21 Sep 2020
Issue #25: Reinfection in COVID-19 – part three: implication for vaccines, antibody passports and herd immunity
Setting it Straight - Issue #25
Written by Nobel Laureate Professor Peter Doherty
Over the past two weeks we’ve discussed two well-documented instances of reinfection in people who had symptomatic COVID-19 infection and apparently recovered, but became infected again with a distinct ‘bar-coded’ (by mutation) virus variant. There are also a couple of fragmentary media mentions of individual cases in Belgium and the Netherlands. So far, only one person (Nevada) has been reported with substantial clinical symptoms the second time round though, as the interval between the two infections was relatively short, at least some of this could have been a carryover from the first exposure. And, in none of the instances so far, was it established that the second infection led to the production of infectious virus.
The perception at this stage is thus: that reinfection with SARS-CoV-2 can occur in the absence of any significant antigenic change in the spike protein receptor binding domain (RBD for ACE2), though perhaps uncommonly, during (at least) the first six months. And, even when that does happen, this may have the desirable effect of boosting the individual’s immune response. Such reinfection is common for many respiratory viruses.
Children, for instance, can be reinfected with the same parainfluenza virus variant in successive cold and flu seasons, with the first instance causing a disease that ranges in severity from a common cold, to croup, to something like influenza. The symptoms becoming progressively less severe in the following two to three years, when the individual seems to become fully immune. The young can, though, reinfect their grandparents, who likely went through the same sequence of annual challenge many decades earlier. That can have severe clinical consequences in the elderly, and in children who are immunosuppressed by, for example, cancer chemotherapy or bone marrow transplantation. Even so, the fact that we’ve never bothered to try to make vaccines against these viruses is a measure of the overall level of unconcern.
In this capacity to reinfect, the parainfluenza viruses seem to be different from the not too distantly related influenza viruses, where there is evidence of much more enduring immunity to the exact same sub-strain. Unlike the coronaviruses and the parainfluenza viruses, influenza A and B viruses constantly throw-off enormous numbers of antibody-selected mutants with, each year or so, one of those antigenic variants emerging to cause a new ‘seasonal’ epidemic. For some reason, when those viruses inevitably ‘go global’, we still identify these events as an epidemic rather than a pandemic. When a new ‘seasonal flu’ emerges, the strain that was circulating the year before disappears, often very fast!
So what does this tell us about COVID-19 and the prospects for achieving herd immunity? Looking at the numbers of reported infections, I’m not convinced that we’ve actually achieved herd immunity in all but the most severely affected locations. Some serological surveys looking for antibody as a measure of past exposure have suggested that I may be very wrong in this, but there have been real concerns about the sensitivity and specificity of, particularly, some early Ig assays. Where possible, they need to be validated by checking panels of ‘historical’ reference sera collected back before November 2019.
My conviction at this stage is, though, that we will only achieve widespread herd immunity with vaccines. And, given that reinfection can occur, that would include boosting those who have already had clinical disease and/or been positive by the PCR test. It may also be the case that we will need to give an annual vaccine booster shot, perhaps with (as in influenza) a vaccine that has been ‘tweaked’ (using a slightly different spike protein RBD) to cover for antigenic changes in the virus. Licensing such a variant COVID-19 vaccine should, following the influenza model, be a straightforward and rapid process.
Will we see antibody passports? I think their time is past. A more likely scenario is that all of us will have an official vaccination certificate showing that the holder has received the one or two (or more) required ‘shots’ as the necessary documentation for travel, access to restricted locations and employment, and so forth.

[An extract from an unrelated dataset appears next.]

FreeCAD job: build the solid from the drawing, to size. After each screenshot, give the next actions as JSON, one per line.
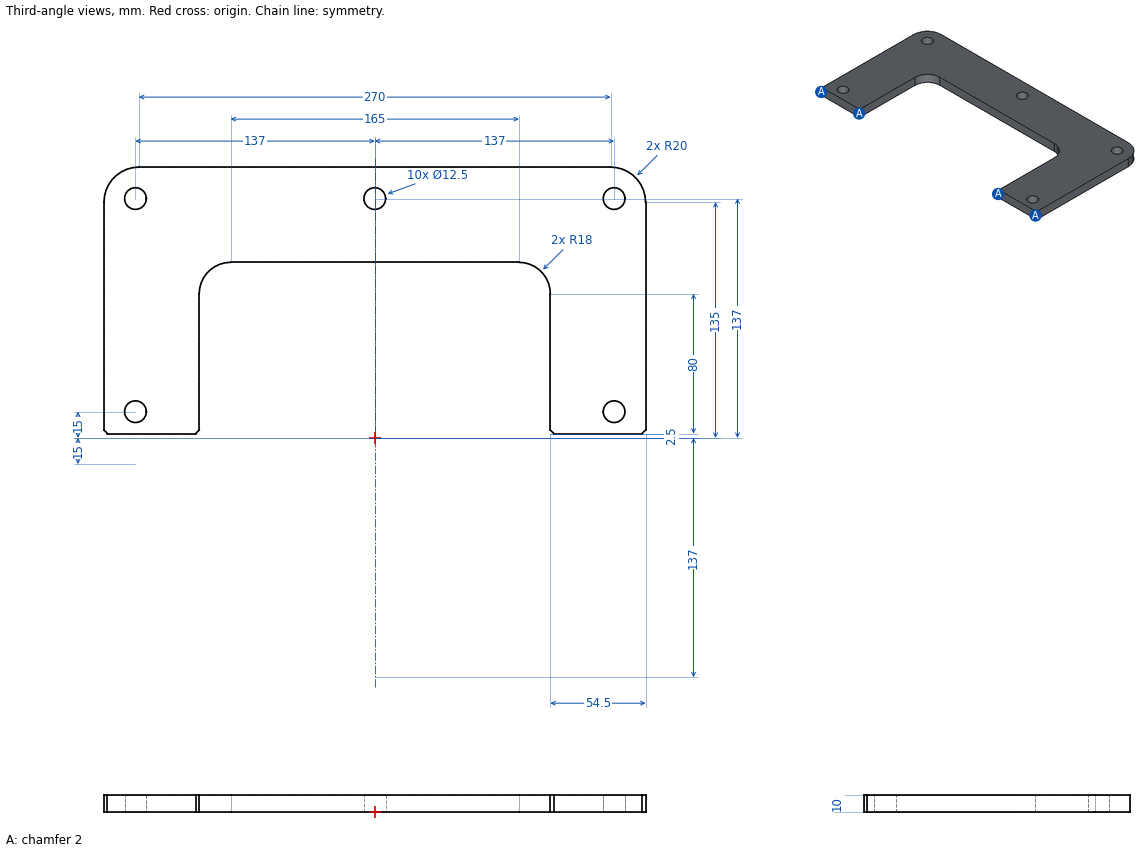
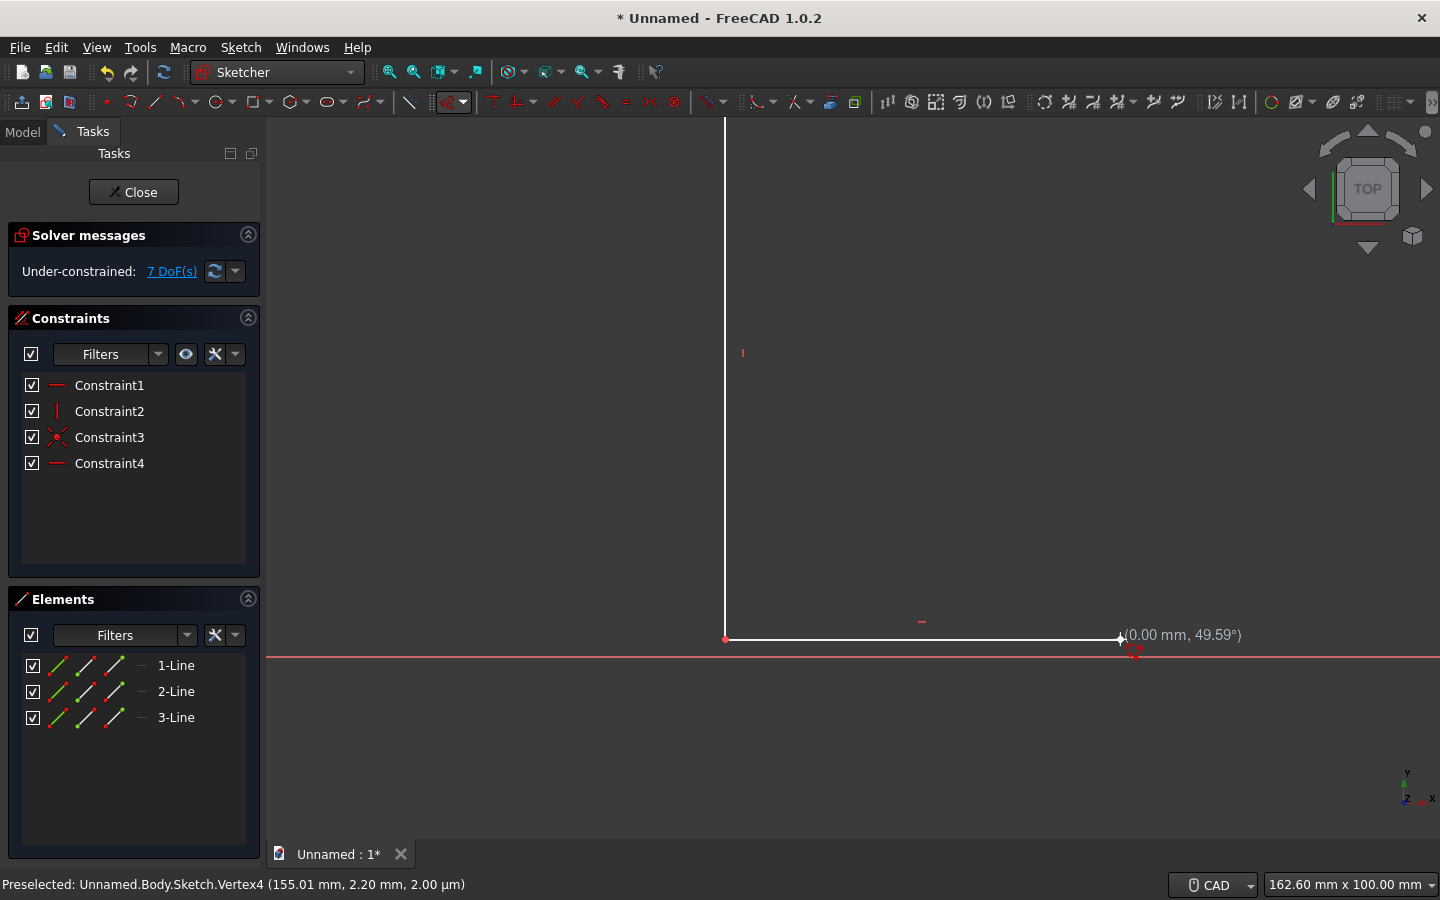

And what about vaccines? I’ll be writing a lot more about vaccines when we see data on how well any of the current products are working in people. At best, given the influenza experience, my guess is that SARS-CVoV-2 vaccines will be 60-70% effective in preventing people developing at least some symptoms, and hopefully better than that when it comes to lowering the instance of hospitalisation and severe disease. I would be delighted to be wrong on the low side of expectations, but we shall see.

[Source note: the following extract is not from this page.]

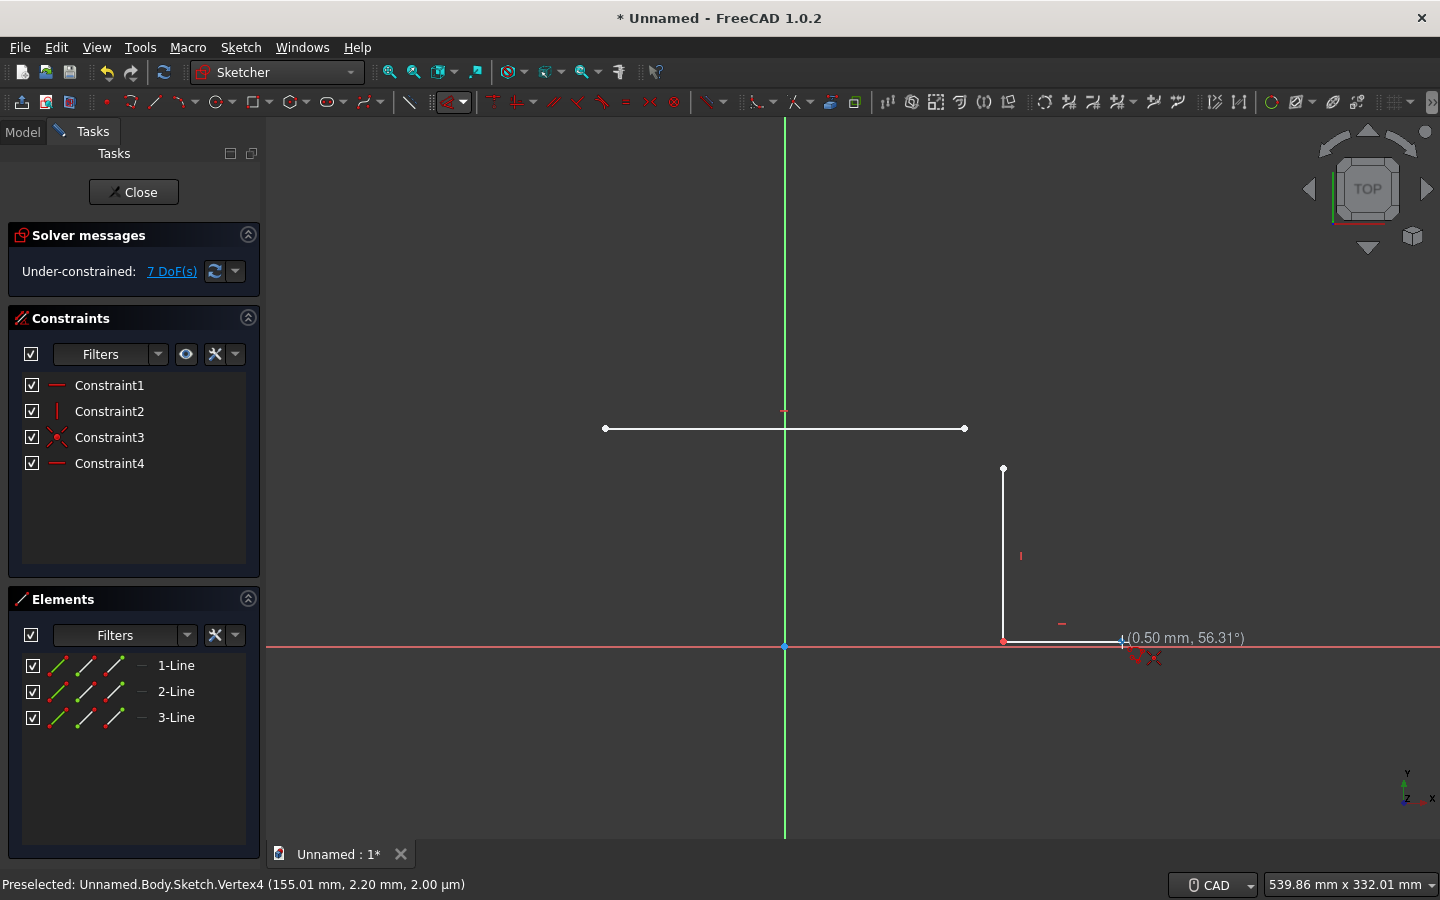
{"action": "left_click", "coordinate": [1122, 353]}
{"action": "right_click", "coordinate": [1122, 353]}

The other big question re vaccines is: how effective will they be in stopping transmission? Maybe they won’t prevent all infection in the nose, but might they greatly decrease total virus production in the lung and the dangers associated with coughing and aerosol production? Hopefully antibodies in the blood will prevent the heart, kidney, brain and vascular damage that likely result from viremia. Right now, we just have to wait until we hear some results from the current Phase 3 trials for those candidate vaccines that are furthest forward.